Where the word "pitch" occurs in a line of the listing, please copy the line.

============

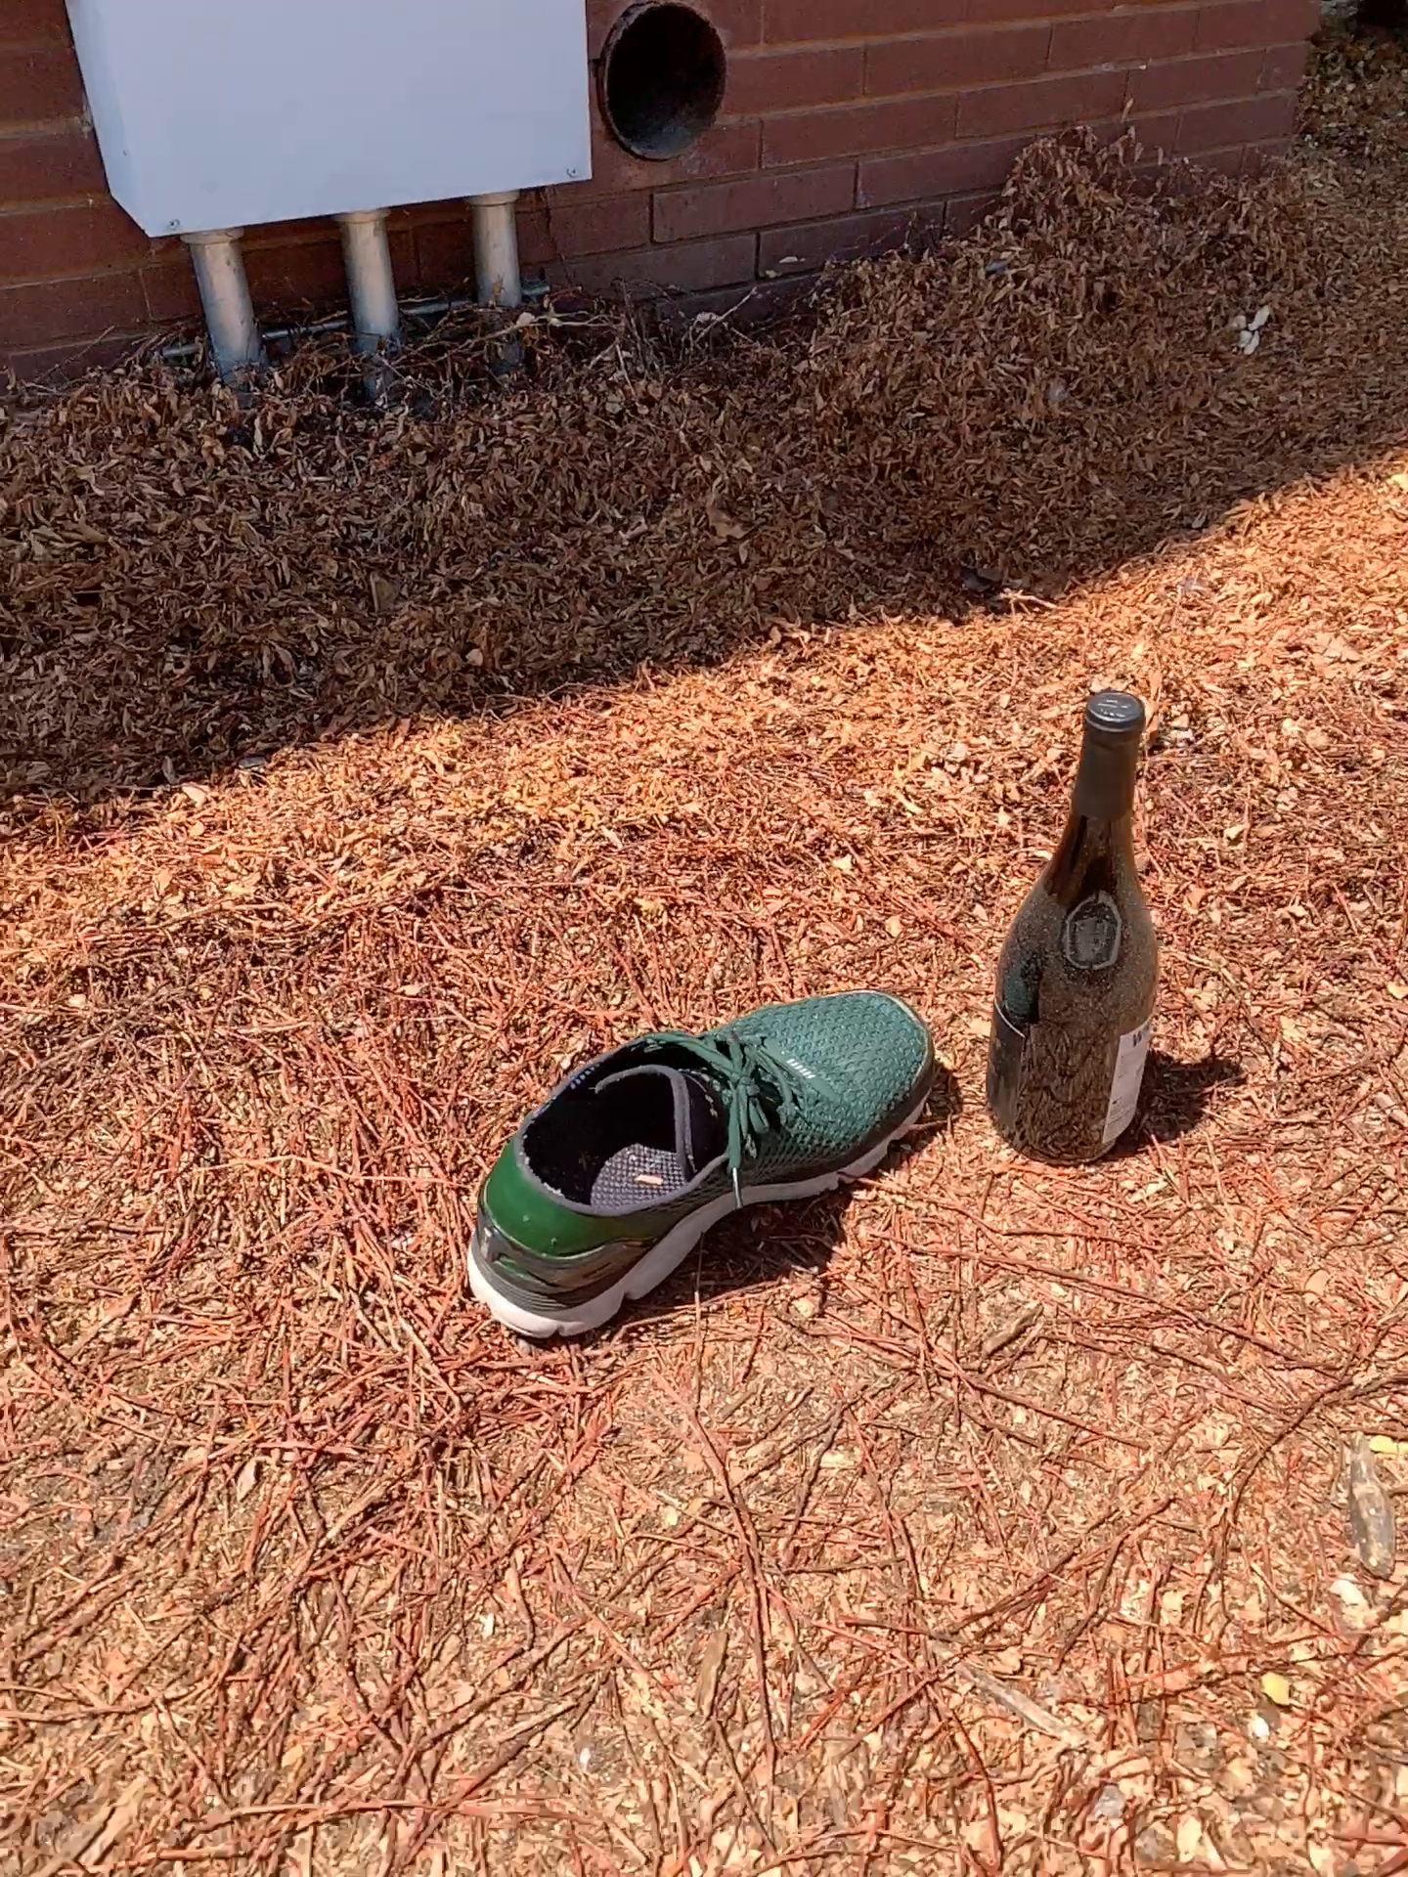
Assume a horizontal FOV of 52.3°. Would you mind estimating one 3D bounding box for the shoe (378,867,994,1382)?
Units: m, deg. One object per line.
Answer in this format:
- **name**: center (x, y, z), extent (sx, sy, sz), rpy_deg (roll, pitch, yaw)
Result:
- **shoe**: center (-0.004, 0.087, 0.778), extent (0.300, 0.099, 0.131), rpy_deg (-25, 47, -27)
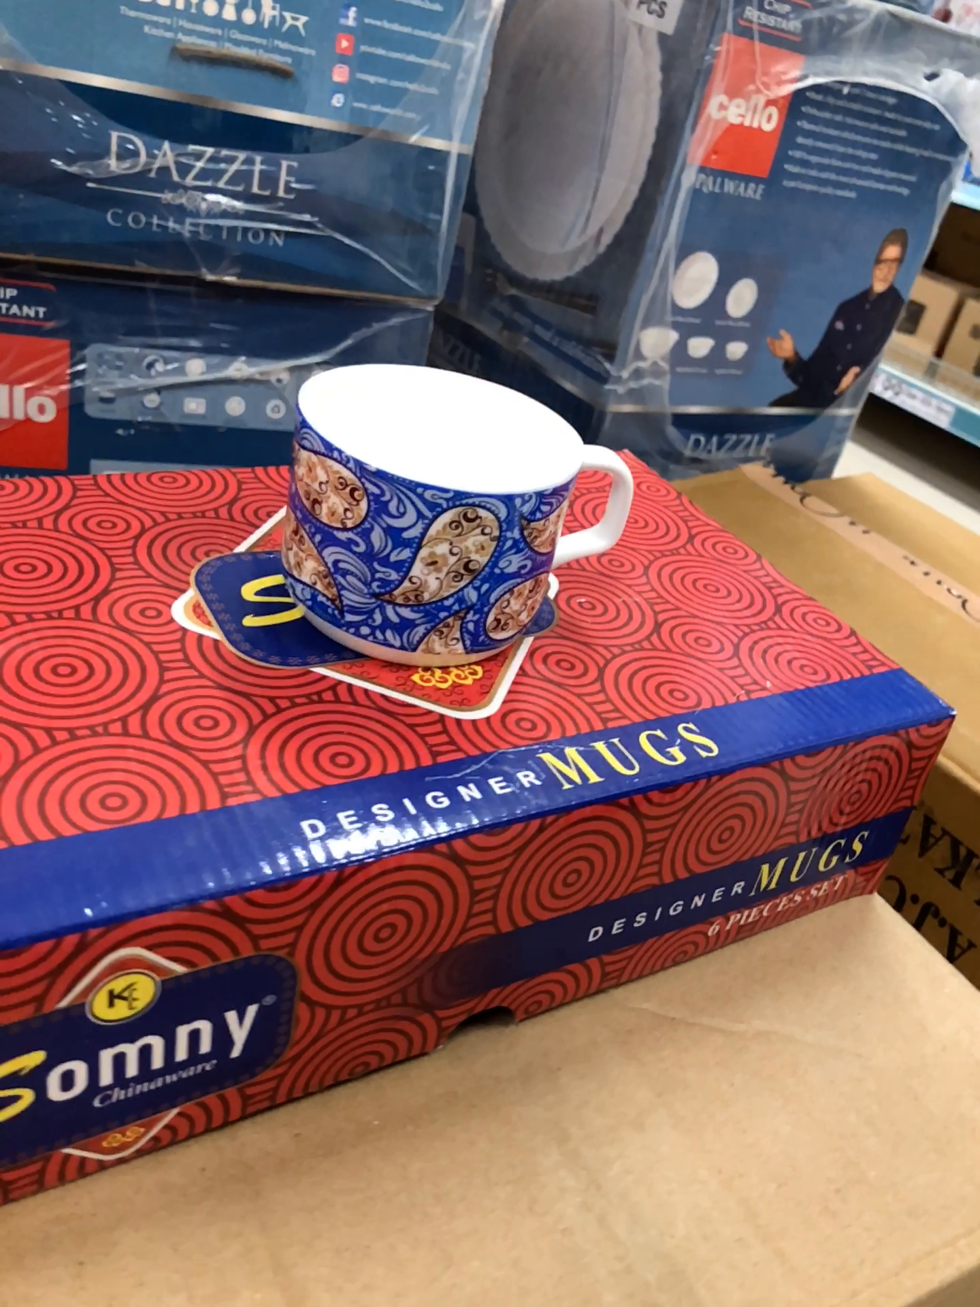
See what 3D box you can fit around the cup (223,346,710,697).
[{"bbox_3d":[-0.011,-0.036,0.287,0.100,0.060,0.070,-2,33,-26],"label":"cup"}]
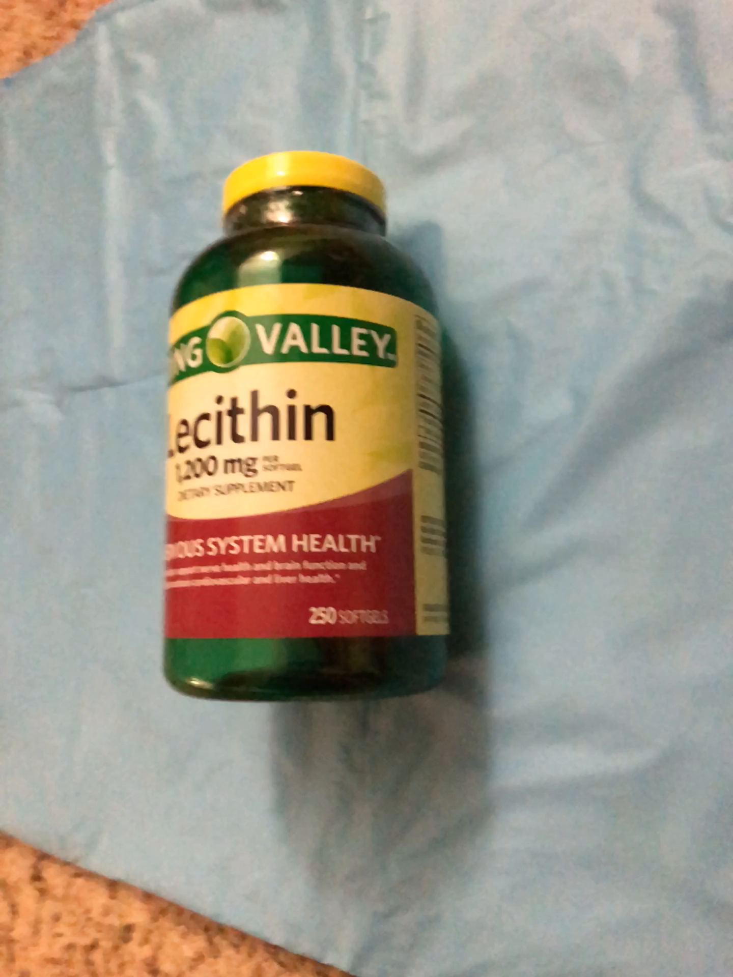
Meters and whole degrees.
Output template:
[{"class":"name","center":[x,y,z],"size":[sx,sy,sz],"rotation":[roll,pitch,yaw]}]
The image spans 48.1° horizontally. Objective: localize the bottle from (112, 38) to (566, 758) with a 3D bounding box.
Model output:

============

• _ANSWER_
- **name**: center (x, y, z), extent (sx, sy, sz), rpy_deg (roll, pitch, yaw)
[{"class":"name","center":[x,y,z],"size":[sx,sy,sz],"rotation":[roll,pitch,yaw]}]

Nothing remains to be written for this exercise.